### Directions for this task:
From the records below, take each line where the string "reactance" shows up and copy it.

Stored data

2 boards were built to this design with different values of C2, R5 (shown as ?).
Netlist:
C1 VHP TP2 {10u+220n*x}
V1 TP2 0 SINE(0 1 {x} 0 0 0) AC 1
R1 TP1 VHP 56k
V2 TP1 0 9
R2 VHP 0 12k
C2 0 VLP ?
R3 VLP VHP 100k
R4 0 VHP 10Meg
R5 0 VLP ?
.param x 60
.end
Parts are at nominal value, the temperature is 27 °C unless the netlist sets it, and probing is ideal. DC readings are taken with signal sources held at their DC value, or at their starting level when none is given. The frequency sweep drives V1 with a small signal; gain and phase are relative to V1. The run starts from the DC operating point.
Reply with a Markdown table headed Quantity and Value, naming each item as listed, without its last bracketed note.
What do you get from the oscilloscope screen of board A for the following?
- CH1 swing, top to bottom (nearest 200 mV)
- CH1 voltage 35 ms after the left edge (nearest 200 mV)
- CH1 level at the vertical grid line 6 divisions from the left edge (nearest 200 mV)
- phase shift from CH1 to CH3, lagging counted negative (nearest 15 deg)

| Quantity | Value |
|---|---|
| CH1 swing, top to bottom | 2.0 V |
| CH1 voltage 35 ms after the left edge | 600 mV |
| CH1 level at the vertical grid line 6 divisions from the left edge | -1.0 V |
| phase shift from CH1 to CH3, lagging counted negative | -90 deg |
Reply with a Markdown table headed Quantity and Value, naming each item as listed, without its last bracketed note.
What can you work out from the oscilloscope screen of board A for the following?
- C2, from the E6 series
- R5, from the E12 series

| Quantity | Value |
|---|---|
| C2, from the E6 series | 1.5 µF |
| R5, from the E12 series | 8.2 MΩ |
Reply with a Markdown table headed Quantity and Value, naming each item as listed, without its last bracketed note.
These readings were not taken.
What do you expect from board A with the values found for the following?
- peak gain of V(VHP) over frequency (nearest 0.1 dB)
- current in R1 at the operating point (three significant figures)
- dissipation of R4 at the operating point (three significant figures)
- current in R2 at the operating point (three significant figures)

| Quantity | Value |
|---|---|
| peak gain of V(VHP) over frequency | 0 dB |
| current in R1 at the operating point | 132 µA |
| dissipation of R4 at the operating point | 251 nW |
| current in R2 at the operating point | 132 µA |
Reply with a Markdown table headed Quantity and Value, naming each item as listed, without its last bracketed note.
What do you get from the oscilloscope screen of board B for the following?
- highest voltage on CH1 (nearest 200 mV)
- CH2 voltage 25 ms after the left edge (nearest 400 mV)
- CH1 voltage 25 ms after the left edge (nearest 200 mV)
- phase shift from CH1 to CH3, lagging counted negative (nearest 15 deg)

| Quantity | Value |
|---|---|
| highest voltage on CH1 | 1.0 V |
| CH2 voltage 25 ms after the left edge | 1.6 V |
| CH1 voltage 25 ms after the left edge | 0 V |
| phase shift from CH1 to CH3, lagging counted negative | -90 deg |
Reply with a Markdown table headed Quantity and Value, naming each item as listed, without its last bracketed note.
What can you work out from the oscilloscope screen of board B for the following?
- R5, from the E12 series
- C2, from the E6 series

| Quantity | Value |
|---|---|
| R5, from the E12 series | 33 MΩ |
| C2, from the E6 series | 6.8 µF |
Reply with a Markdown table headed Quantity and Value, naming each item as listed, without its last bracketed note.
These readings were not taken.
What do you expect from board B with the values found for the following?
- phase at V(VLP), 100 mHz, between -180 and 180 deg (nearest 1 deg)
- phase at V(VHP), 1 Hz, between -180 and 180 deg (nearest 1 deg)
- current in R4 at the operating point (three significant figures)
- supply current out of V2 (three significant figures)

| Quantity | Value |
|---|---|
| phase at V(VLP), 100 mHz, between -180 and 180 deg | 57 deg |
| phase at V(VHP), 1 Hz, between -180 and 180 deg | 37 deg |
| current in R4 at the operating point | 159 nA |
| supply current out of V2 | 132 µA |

==

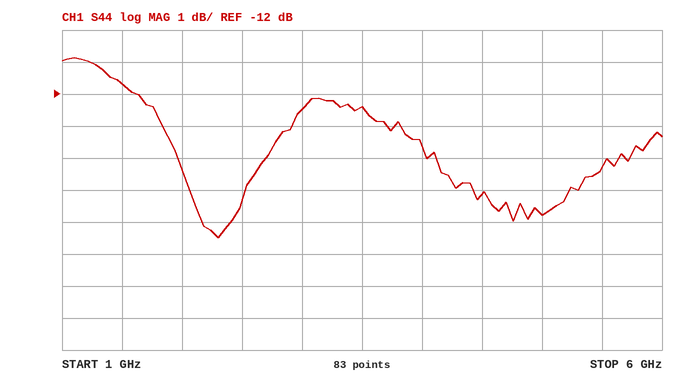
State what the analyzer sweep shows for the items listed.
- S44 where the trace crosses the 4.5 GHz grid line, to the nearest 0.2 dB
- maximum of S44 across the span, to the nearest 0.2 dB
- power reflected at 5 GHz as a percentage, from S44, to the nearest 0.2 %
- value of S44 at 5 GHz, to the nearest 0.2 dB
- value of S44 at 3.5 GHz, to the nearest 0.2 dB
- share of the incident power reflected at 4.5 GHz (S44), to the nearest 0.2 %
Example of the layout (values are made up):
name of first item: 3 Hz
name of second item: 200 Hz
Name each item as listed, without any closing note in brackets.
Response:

...

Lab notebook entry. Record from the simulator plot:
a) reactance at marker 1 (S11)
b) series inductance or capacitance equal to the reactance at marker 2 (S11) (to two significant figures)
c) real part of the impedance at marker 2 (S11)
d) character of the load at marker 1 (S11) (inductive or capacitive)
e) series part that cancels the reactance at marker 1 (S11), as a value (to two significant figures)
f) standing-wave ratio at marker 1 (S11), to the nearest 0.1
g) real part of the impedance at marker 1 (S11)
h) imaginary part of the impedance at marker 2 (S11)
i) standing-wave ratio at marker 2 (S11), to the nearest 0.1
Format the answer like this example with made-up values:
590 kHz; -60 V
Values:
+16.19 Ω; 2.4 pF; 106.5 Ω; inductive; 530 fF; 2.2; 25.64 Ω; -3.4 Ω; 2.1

### Written answer:
a) reactance at marker 1 (S11)
b) series inductance or capacitance equal to the reactance at marker 2 (S11) (to two significant figures)
e) series part that cancels the reactance at marker 1 (S11), as a value (to two significant figures)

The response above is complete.